=== Begin Enclosure ===

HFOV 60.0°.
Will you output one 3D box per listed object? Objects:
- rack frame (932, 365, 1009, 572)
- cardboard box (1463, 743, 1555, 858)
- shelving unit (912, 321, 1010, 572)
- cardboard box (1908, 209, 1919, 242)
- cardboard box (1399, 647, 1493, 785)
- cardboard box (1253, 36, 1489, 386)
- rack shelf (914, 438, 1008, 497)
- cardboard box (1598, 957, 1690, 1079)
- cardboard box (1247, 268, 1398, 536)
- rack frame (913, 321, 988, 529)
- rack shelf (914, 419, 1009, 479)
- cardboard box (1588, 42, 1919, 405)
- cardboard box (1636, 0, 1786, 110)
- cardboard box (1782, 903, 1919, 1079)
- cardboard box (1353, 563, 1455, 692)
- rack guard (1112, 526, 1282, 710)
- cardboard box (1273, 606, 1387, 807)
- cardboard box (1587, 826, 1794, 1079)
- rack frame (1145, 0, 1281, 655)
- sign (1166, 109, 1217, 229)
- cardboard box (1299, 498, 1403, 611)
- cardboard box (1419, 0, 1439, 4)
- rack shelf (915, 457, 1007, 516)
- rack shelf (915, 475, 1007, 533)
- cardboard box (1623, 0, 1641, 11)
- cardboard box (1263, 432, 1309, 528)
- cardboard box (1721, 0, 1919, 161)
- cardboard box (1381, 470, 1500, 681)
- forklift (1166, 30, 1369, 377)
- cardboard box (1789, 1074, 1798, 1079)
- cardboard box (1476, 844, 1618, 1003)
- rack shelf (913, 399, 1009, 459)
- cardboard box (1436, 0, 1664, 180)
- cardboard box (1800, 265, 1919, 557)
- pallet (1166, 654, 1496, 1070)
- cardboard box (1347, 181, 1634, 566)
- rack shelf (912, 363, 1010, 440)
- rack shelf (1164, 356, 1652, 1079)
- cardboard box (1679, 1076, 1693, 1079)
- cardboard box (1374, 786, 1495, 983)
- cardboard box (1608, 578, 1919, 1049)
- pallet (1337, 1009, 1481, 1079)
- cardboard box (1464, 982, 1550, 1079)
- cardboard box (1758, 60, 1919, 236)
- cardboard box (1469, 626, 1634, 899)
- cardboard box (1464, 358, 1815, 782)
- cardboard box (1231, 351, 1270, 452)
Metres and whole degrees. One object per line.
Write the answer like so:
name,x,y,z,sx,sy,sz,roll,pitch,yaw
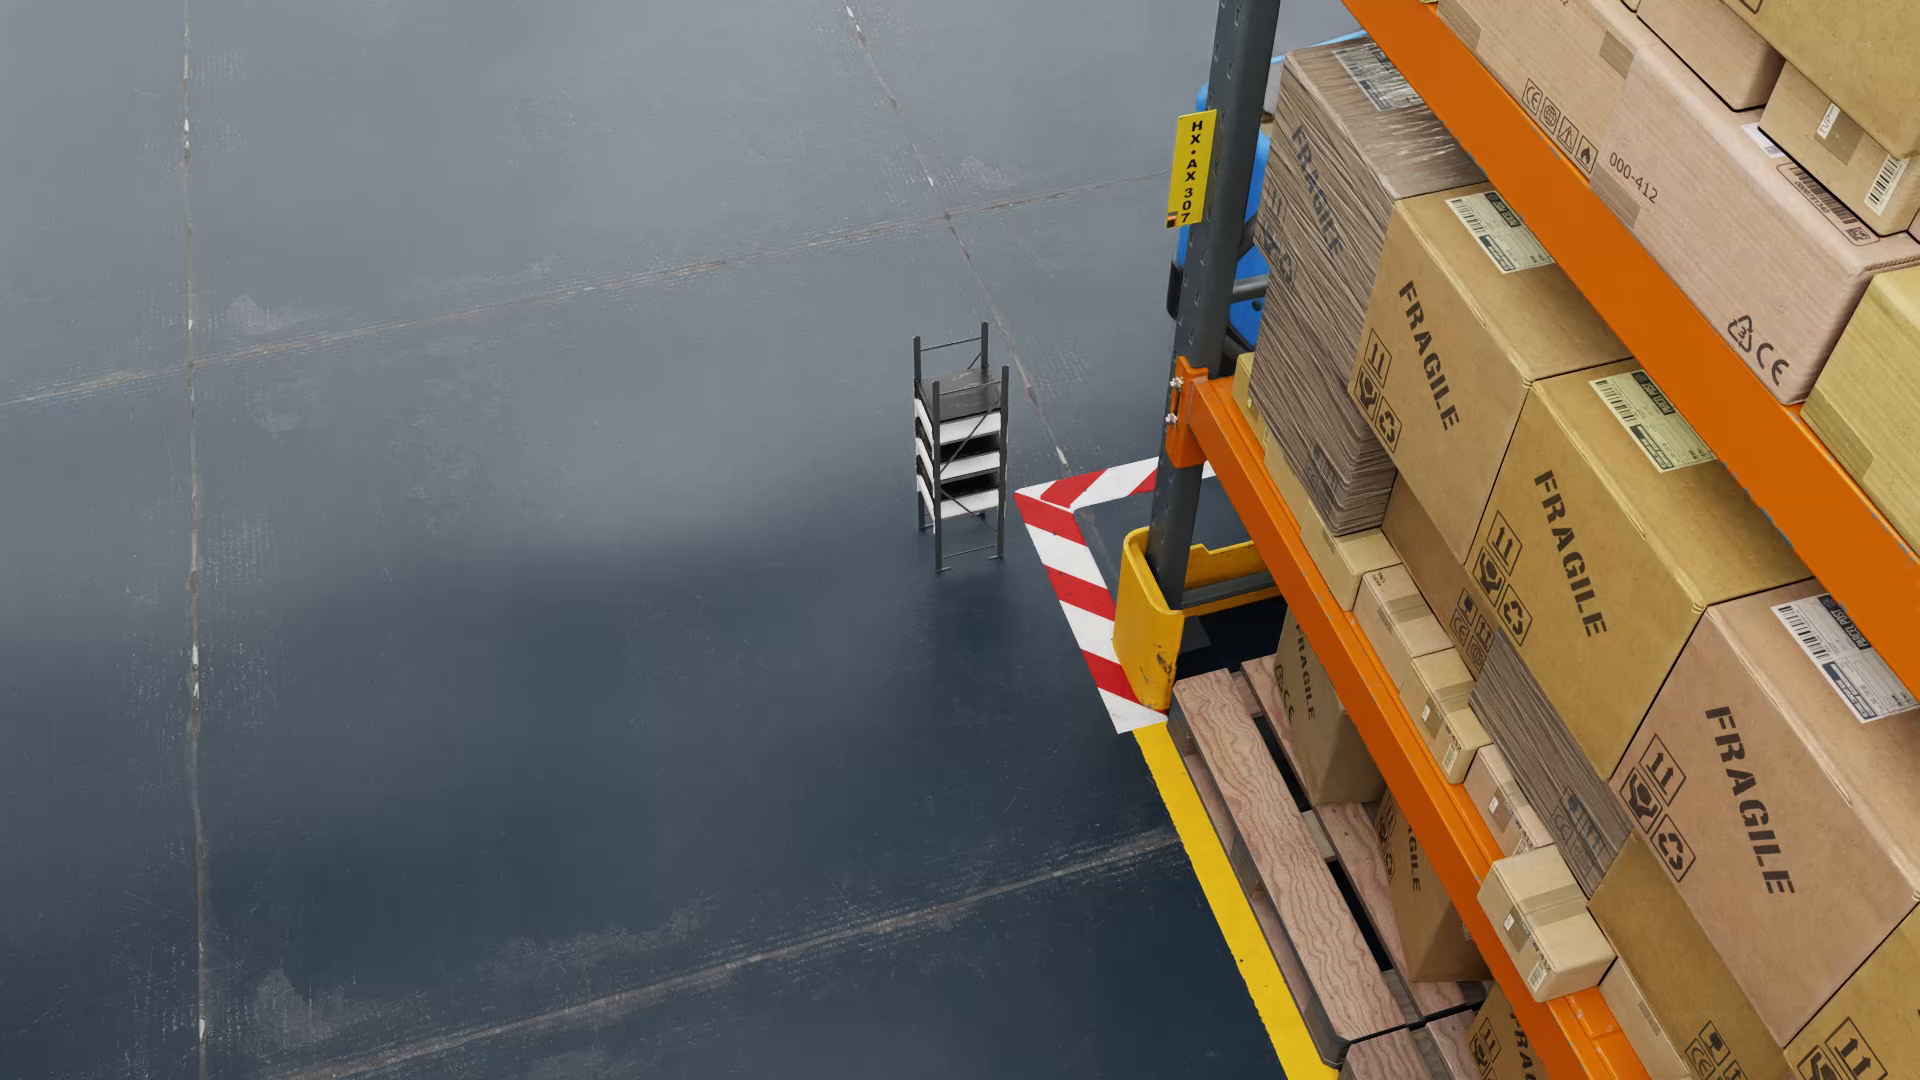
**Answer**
rack frame,0.032,-0.210,5.338,0.240,0.900,0.006,-13,51,-11
cardboard box,1.304,0.530,3.506,0.380,0.149,0.250,-13,51,-11
shelving unit,0.002,-0.284,5.401,0.258,0.900,0.210,-13,51,-11
cardboard box,1.402,-0.389,1.992,0.380,0.149,0.250,-14,51,-11
cardboard box,1.204,0.353,3.655,0.380,0.149,0.250,-13,51,-11
cardboard box,0.973,-0.712,3.474,0.500,0.500,0.500,-13,51,-11
rack shelf,0.002,-0.263,5.426,0.258,0.077,0.200,-13,51,-11
cardboard box,1.479,0.888,3.204,0.380,0.149,0.250,-13,51,-11
cardboard box,1.207,-0.445,3.903,0.875,0.500,0.500,-13,51,-11
rack frame,-0.028,-0.358,5.464,0.240,0.900,0.006,-13,51,-11
rack shelf,0.002,-0.321,5.358,0.258,0.077,0.200,-13,51,-11
cardboard box,1.268,-0.495,2.342,0.500,0.250,0.500,-13,51,-11
cardboard box,1.189,-0.757,2.302,0.380,0.149,0.250,-13,51,-11
cardboard box,1.562,0.749,2.242,0.500,0.500,0.500,-13,51,-11
cardboard box,1.136,0.169,3.810,0.380,0.149,0.250,-13,51,-11
rack guard,1.093,0.136,5.308,1.175,0.500,0.348,-13,51,-11
cardboard box,1.240,0.405,4.807,0.500,0.500,0.500,-5,50,-4
cardboard box,1.713,0.636,2.992,0.875,0.500,0.500,-13,51,-11
rack frame,1.071,-0.725,4.399,1.000,3.000,0.127,-13,51,-11
sign,0.553,-0.881,3.965,0.100,0.325,0.005,-13,51,-11
cardboard box,1.043,-0.009,3.960,0.380,0.149,0.250,-13,51,-11
cardboard box,0.967,-1.233,2.964,0.500,0.250,0.500,-12,51,-10
rack shelf,0.002,-0.205,5.495,0.258,0.077,0.200,-13,51,-11
rack shelf,0.002,-0.147,5.564,0.258,0.077,0.200,-13,51,-11
cardboard box,1.121,-0.936,2.452,0.380,0.149,0.250,-11,51,-10
cardboard box,0.983,-0.195,4.117,0.380,0.149,0.250,-13,51,-11
cardboard box,1.252,-0.836,1.944,0.500,0.500,0.500,-14,51,-11
cardboard box,1.470,-0.107,3.618,0.875,0.500,0.500,-13,51,-11
forklift,2.346,-2.002,5.520,3.031,2.935,1.130,-21,53,-17
cardboard box,1.822,1.010,2.676,0.875,0.500,0.500,-13,51,-11
cardboard box,1.278,0.736,3.332,0.380,0.149,0.250,-13,51,-11
rack shelf,0.002,-0.379,5.289,0.258,0.077,0.200,-13,51,-11
cardboard box,1.125,-0.858,2.647,0.500,0.250,0.500,-14,51,-12
cardboard box,1.426,-0.116,2.022,0.500,0.250,0.500,-12,51,-10
pallet,1.300,0.831,4.912,1.003,0.211,1.213,-13,51,-11
cardboard box,1.114,-0.345,3.165,0.500,0.500,0.500,-13,51,-11
rack shelf,0.002,-0.437,5.220,0.258,0.077,0.200,-13,51,-11
rack shelf,1.662,0.968,3.443,1.077,0.370,4.000,-13,51,-11
cardboard box,1.480,1.088,3.035,0.380,0.149,0.250,-13,51,-11
cardboard box,1.449,0.834,4.445,0.500,0.500,0.500,-2,50,-1
cardboard box,1.417,0.384,2.551,0.500,0.500,0.500,-13,51,-11
pallet,1.657,1.720,4.162,1.003,0.211,1.213,-13,51,-11
cardboard box,1.616,1.296,4.056,0.500,0.500,0.500,-9,50,-8
cardboard box,1.284,-0.561,2.136,0.380,0.149,0.250,-15,52,-13
cardboard box,1.576,0.268,3.302,0.875,0.500,0.500,-13,51,-11
cardboard box,1.264,0.020,2.858,0.500,0.500,0.500,-13,51,-11
cardboard box,0.928,-0.382,4.274,0.380,0.149,0.250,-13,51,-11

=== End Enclosure ===

| TO DO |
Determine how many lines in the records contain "object", and reply with the number only.

| WRITTEN ANSWER |
2